§ **PROBLEM STATEMENT**
I need the lines from the one holding "Fill in this" to the last line of the data below repeated exactly, both included, without pictures.

§ **SOURCE DATA**
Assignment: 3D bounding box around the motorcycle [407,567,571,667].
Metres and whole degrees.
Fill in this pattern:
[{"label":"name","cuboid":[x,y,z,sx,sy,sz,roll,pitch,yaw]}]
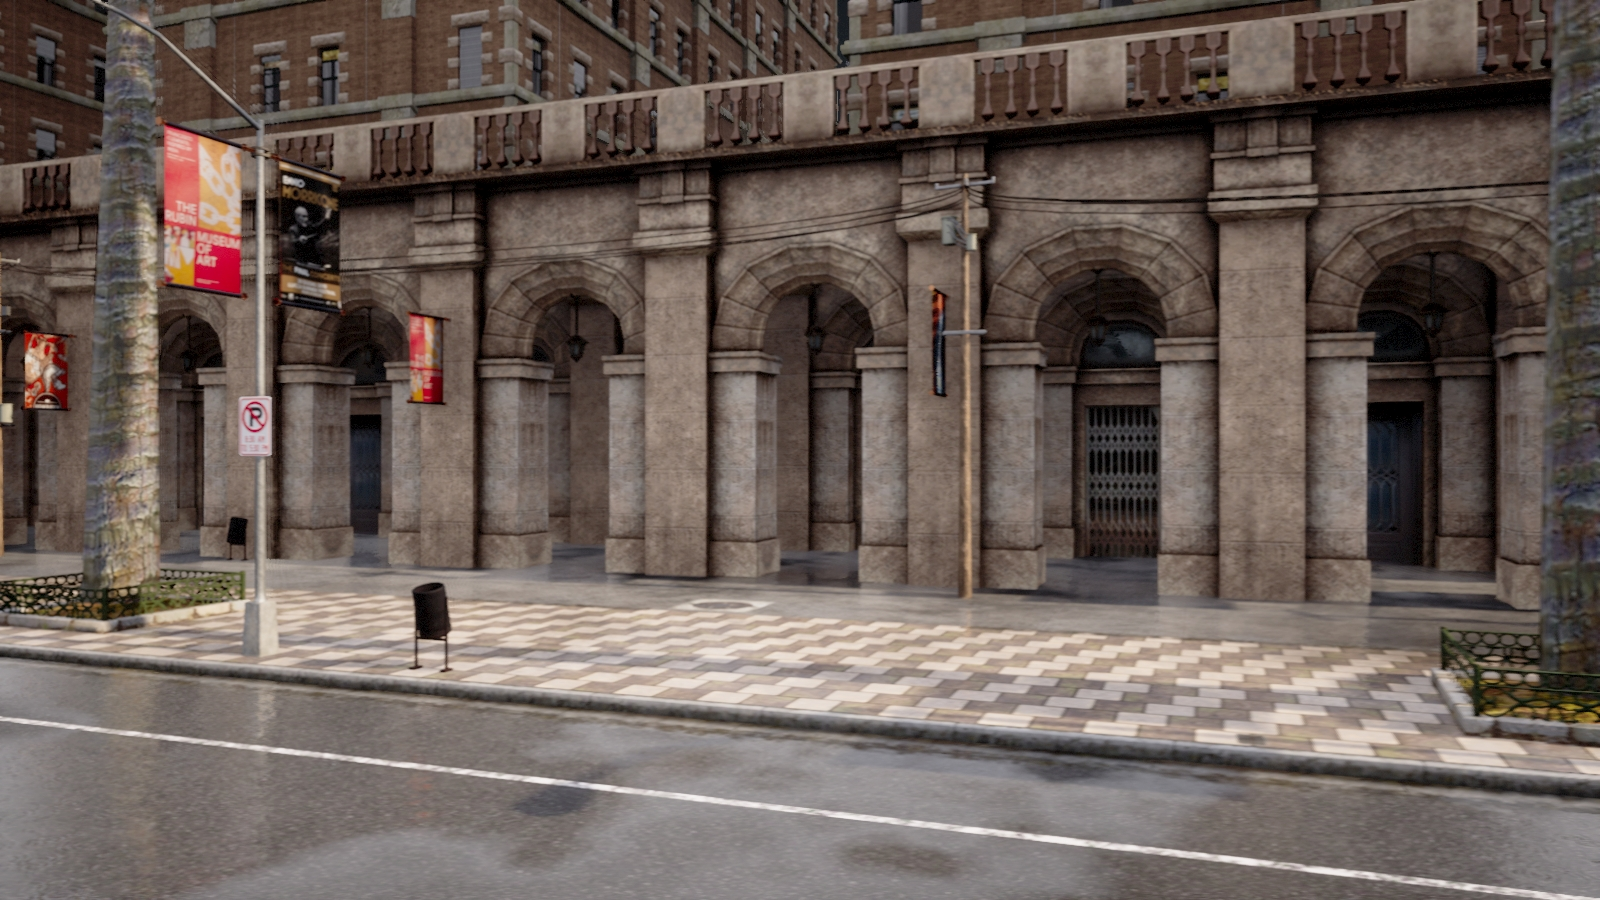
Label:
[{"label":"motorcycle","cuboid":[-4.180,2.214,15.381,2.033,1.145,0.803,0,0,20]}]

§ **RESULT OF THIS TASK**
Fill in this pattern:
[{"label":"name","cuboid":[x,y,z,sx,sy,sz,roll,pitch,yaw]}]
Label:
[{"label":"motorcycle","cuboid":[-4.180,2.214,15.381,2.033,1.145,0.803,0,0,20]}]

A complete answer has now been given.